You do not necessarily need a lawyer to make your Will in New Brunswick. In most cases, as long as a testator (person making the Will) is at least 19 and is “of sound mind”, they can make a legal Will.
Having said that, there are a number of situations where someone should get in touch with a lawyer to make their Will, including:
- If they want to exclude a spouse, child, or another dependant from their Will;
- If they are in a second marriage with children from a prior relationship;
- If there is a family member with a disability who is receiving government benefits;
- If they own assets, like real estate, outside of Canada; or
- If they want to engage in sophisticated tax planning.
Parents are usually the legal guardians of their own children. In most cases, if one of them passes away before the other, the surviving parent would usually continue to be the legal guardian of any minor children.
A parent (or other legal guardian of minor children) can name someone in their Will to take over that role if they are the last surviving guardian of the children. If the last surviving guardian passes away (or if both guardians die simultaneously), the person named in their Will would assume the responsibilities of legal guardianship.

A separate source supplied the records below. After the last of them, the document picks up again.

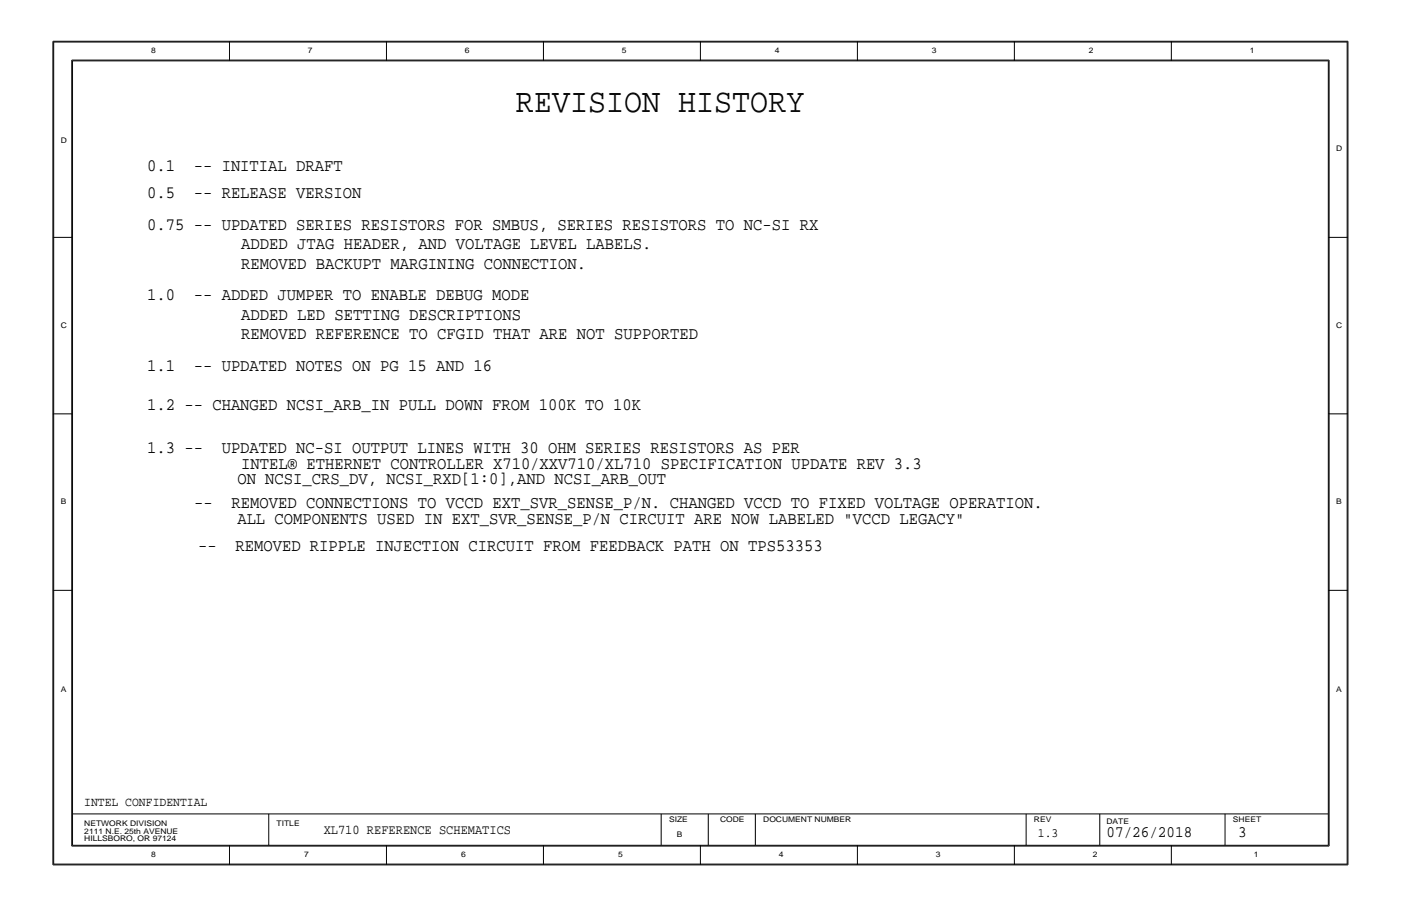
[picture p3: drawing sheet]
<svg xmlns="http://www.w3.org/2000/svg" width="432mm" height="279mm" viewBox="0 0 432 279" stroke-linecap="round" stroke-linejoin="round" font-family="sans-serif">
<defs><g id="words">
<text font-size="10.4" x="159" y="34.5">REVISION HISTORY</text>
<g font-size="5.4">
<text x="45.3" y="52.6">0.1</text>
<text x="59.7" y="52.6">-- INITIAL DRAFT</text>
<text x="45.3" y="61.1">0.5</text>
<text x="59.7" y="61.1">-- RELEASE VERSION</text>
<text x="45.3" y="70.8">0.75 -- UPDATED SERIES RESISTORS FOR SMBUS, SERIES RESISTORS TO NC-SI RX</text>
<text x="74.4" y="76.8">ADDED JTAG HEADER, AND VOLTAGE LEVEL LABELS.</text>
<text x="74.4" y="82.9">REMOVED BACKUPT MARGINING CONNECTION.</text>
<text x="45.3" y="92.6">1.0</text>
<text x="59.7" y="92.6">-- ADDED JUMPER TO ENABLE DEBUG MODE</text>
<text x="74.4" y="98.6">ADDED LED SETTING DESCRIPTIONS</text>
<text x="74.4" y="104.6">REMOVED REFERENCE TO CFGID THAT ARE NOT SUPPORTED</text>
<text x="45.3" y="114.3">1.1</text>
<text x="59.7" y="114.3">-- UPDATED NOTES ON PG 15 AND 16</text>
<text x="45.3" y="126.4">1.2 -- CHANGED NCSI_ARB_IN PULL DOWN FROM 100K TO 10K</text>
<text x="45.3" y="139.7">1.3 --</text>
<text x="68.3" y="139.7">UPDATED NC-SI OUTPUT LINES WITH 30 OHM SERIES RESISTORS AS PER</text>
<text x="73.2" y="149.4">ON NCSI_CRS_DV, NCSI_RXD[1:0],AND NCSI_ARB_OUT</text>
<text x="74.4" y="144.6">INTEL® ETHERNET CONTROLLER X710/XXV710/XL710 SPECIFICATION UPDATE REV 3.3</text>
<text x="59.8" y="156.7">--</text>
<text x="71.3" y="156.7">REMOVED CONNECTIONS TO VCCD EXT_SVR_SENSE_P/N. CHANGED VCCD TO FIXED VOLTAGE OPERATION.</text>
<text x="73.2" y="161.5">ALL COMPONENTS USED IN EXT_SVR_SENSE_P/N CIRCUIT ARE NOW LABELED &quot;VCCD LEGACY&quot;</text>
<text x="61.1" y="170">--</text>
<text x="72.6" y="170">REMOVED RIPPLE INJECTION CIRCUIT FROM FEEDBACK PATH ON TPS53353</text>
</g>
<g font-size="4.9">
<text x="341" y="258.3">07/26/2018</text>
<text x="381.6" y="258.3">3</text>
</g>
<text font-size="4.2" x="99.8" y="257">XL710 REFERENCE SCHEMATICS</text>
<g font-size="3.9">
<text x="26" y="248.6">INTEL CONFIDENTIAL</text>
<text x="319.9" y="258.3">1.3</text>
</g>
<g font-size="2.4">
<text x="46.5" y="16.4">8</text>
<text x="94.9" y="16.4">7</text>
<text x="143.3" y="16.4">6</text>
<text x="191.7" y="16.4">5</text>
<text x="238.9" y="16.4">4</text>
<text x="287.2" y="16.4">3</text>
<text x="335.6" y="16.4">2</text>
<text x="385.2" y="16.4">1</text>
<text x="18.7" y="44.2">D</text>
<text x="411.8" y="46.6">D</text>
<text x="18.7" y="101">C</text>
<text x="411.8" y="101">C</text>
<text x="18.7" y="155.4">B</text>
<text x="411.8" y="155.4">B</text>
<text x="18.7" y="213.5">A</text>
<text x="411.8" y="213.5">A</text>
<text x="26" y="254.6">NETWORK DIVISION</text>
<text x="26" y="257">2111 N.E. 25th AVENUE</text>
<text x="85.2" y="254.6">TITLE</text>
<text x="206.2" y="253.4">SIZE</text>
<text x="221.9" y="253.4">CODE</text>
<text x="235.2" y="253.4">DOCUMENT NUMBER</text>
<text x="318.7" y="253.4">REV</text>
<text x="341" y="254">DATE</text>
<text x="380" y="253.4">SHEET</text>
<text x="26" y="259.5">HILLSBORO, OR 97124</text>
<text x="208.6" y="258.3">B</text>
<text x="46.5" y="264.3">8</text>
<text x="93.7" y="264.3">7</text>
<text x="142.1" y="264.3">6</text>
<text x="190.5" y="264.3">5</text>
<text x="240.1" y="264.3">4</text>
<text x="288.4" y="264.3">3</text>
<text x="336.8" y="264.3">2</text>
<text x="386.4" y="264.3">1</text>
</g>
</g></defs>
<g fill="none" stroke="#000" stroke-width=".31">
<path d="M16.3 12.7h399.1zM16.3 12.7v254zM16.5 13v253.5zM16.5 13h398.7zM22.1 18.5v242.4zM22.1 18.5h387.5zM22.4 18.8h387zM22.4 18.8v241.9zM70.7 12.7v6.1zM119.1 12.7v6.1zM167.5 12.7v6.1zM215.9 12.7v6.1z"/>
<path d="M264.3 12.7v6.1zM312.6 12.7v6.1zM361 12.7v6.1zM409.4 18.8v241.9zM409.6 18.5v242.4zM415.2 13v253.5zM415.4 12.7v254zM16.3 73.2h6.1zM409.4 73.2h6zM16.3 127.6h6.1zM409.4 127.6h6zM16.3 182.1h6.1z"/>
<path d="M409.4 182.1h6zM22.4 251h387zM82.8 251v9.7zM203.8 251v9.7zM218.3 251v9.7zM232.8 251v9.7zM316.3 251v9.7zM339 251v9.7zM377.6 251v9.7zM16.3 266.7h399.1zM16.5 266.5h398.7zM22.1 260.9h387.5z"/>
<path d="M22.4 260.7h387zM70.7 260.7v6zM119.1 260.7v6zM167.5 260.7v6zM215.9 260.7v6zM264.3 260.7v6zM312.6 260.7v6zM361 260.7v6z"/>
</g>
<use href="#words"/>
</svg>

Someone’s Will only takes effect once they are no longer alive. However, there are many cases where someone is alive but can no longer make decisions for themselves. This can happen as a result of an accident or due to general cognitive decline that can occur with ageing. This is where Powers of Attorney become essential.
A person makes powers of Attorney (POAs) while they are still mentally capable. They name the person or people authorized to make decisions on the person’s behalf if they become incapable. There are two types of POAs in New Brunswick:
- An Enduring Power of Attorney: This document authorizes someone to manage a person’s financial affairs (e.g. paying bills, managing investments, selling property) if they are alive but have lost the capacity to handle these things for themselves.
- A Power of Attorney for Personal Care: This document appoints someone to make decisions about another individual’s well-being (e.g. health care, diet, support services, etc.) if the individual becomes incapable. A POA for Personal Care is also commonly referred to as a Personal Directive or a Living Will.